◆ Work to complete:
Go through the entries below. Copy each line in which "object" appears.

= = = = = = =

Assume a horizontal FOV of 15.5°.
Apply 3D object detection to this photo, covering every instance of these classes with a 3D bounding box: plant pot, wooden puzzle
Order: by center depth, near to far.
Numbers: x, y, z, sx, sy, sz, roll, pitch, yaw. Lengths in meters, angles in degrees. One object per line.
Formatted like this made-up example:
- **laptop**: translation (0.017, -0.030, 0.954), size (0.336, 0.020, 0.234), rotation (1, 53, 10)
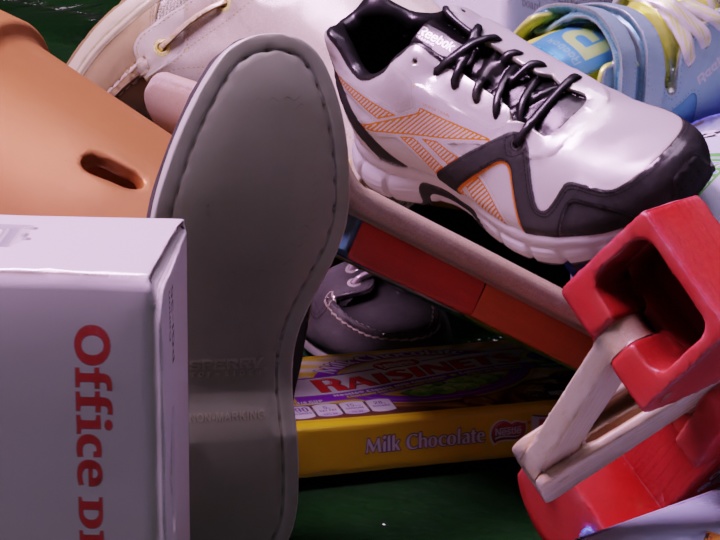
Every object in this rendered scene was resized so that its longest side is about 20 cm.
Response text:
- **plant pot**: translation (-0.140, 0.002, 1.055), size (0.140, 0.201, 0.200), rotation (20, 20, 12)
- **wooden puzzle**: translation (0.017, -0.008, 1.083), size (0.200, 0.037, 0.185), rotation (32, -4, -30)

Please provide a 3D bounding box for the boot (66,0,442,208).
- **boot**: translation (-0.043, -0.074, 1.220), size (0.155, 0.200, 0.072), rotation (52, 10, 24)

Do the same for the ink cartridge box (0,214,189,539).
- **ink cartridge box**: translation (-0.158, 0.058, 0.896), size (0.199, 0.147, 0.083), rotation (2, 16, 4)

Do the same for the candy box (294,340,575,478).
- **candy box**: translation (0.045, 0.055, 1.129), size (0.199, 0.027, 0.102), rotation (-4, 13, -17)

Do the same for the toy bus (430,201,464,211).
- **toy bus**: translation (0.082, -0.068, 1.467), size (0.200, 0.079, 0.065), rotation (10, 18, 34)

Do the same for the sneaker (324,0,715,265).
- **sneaker**: translation (0.055, -0.061, 1.060), size (0.200, 0.080, 0.074), rotation (16, 50, 46)

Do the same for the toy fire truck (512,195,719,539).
- **toy fire truck**: translation (0.099, 0.045, 0.904), size (0.141, 0.200, 0.049), rotation (-17, 64, -42)

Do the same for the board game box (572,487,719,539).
- **board game box**: translation (0.143, 0.126, 0.839), size (0.199, 0.041, 0.200), rotation (-13, 19, -39)

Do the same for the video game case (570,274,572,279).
- **video game case**: translation (0.191, 0.003, 1.276), size (0.182, 0.022, 0.200), rotation (9, 16, 1)

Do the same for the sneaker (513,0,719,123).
- **sneaker**: translation (0.137, -0.108, 1.147), size (0.080, 0.200, 0.130), rotation (40, 13, 35)

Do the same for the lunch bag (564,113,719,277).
- **lunch bag**: translation (0.198, -0.007, 1.077), size (0.170, 0.124, 0.200), rotation (-26, 40, -23)

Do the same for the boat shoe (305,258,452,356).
- **boat shoe**: translation (0.000, 0.000, 1.268), size (0.067, 0.057, 0.200), rotation (-3, 16, -9)

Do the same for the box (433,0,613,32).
- **box**: translation (0.039, -0.137, 1.341), size (0.198, 0.172, 0.200), rotation (-1, -6, 33)

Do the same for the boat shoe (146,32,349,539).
- **boat shoe**: translation (-0.050, 0.009, 0.968), size (0.071, 0.202, 0.061), rotation (4, 13, -17)

= = = = = = =

◆ Answer to this exercise:
Apply 3D object detection to this photo, covering every instance of these classes with a 3D bounding box: plant pot, wooden puzzle
Numbers: x, y, z, sx, sy, sz, roll, pitch, yaw. Lengths in meters, angles in degrees. One object per line.
Every object in this rendered scene was resized so that its longest side is about 20 cm.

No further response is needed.